An inference endpoint, or serving API, is a network service you send inputs to in order to get model predictions back in real time.
It solves the problem of turning a trained model into something applications can actually use.
You reach for an inference endpoint when you want:
In practice, most teams use a serving API when they need low-latency, always-on access to a model and do not want every client to manage model files, hardware, or inference code.

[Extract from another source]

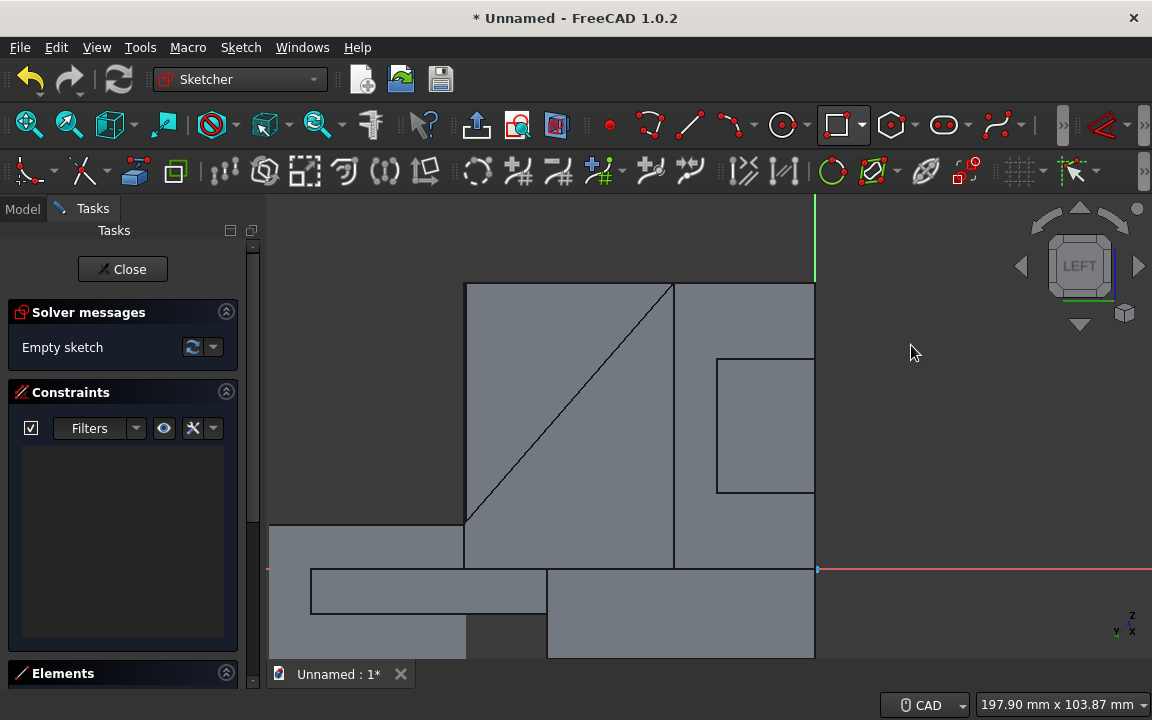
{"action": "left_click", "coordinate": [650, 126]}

You deploy a model behind an API.
The model weights, runtime, and preprocessing/postprocessing logic live on a server or managed platform.
A client sends an input request.
This is usually HTTP or gRPC, with JSON or another structured payload. The request may include text, images, features, or other model inputs.
The server runs inference.
The service loads the input, executes the model forward pass, and often applies extra logic such as tokenization, batching, safety checks, or formatting the output.
The endpoint returns a prediction.
The response might be a class label, a score, embeddings, generated text, or tool-call metadata.
A serving API is about online inference: getting predictions from a model through a request/response interface. That is different from training, and different from batch jobs that score large datasets offline.
Request:
POST /v1/infer
Content-Type: application/json
{
"text": "I love this product"
}
Response:
{
"label": "positive",
"confidence": 0.98
}
A product team might call this endpoint from an app after a user submits feedback, then show the result immediately.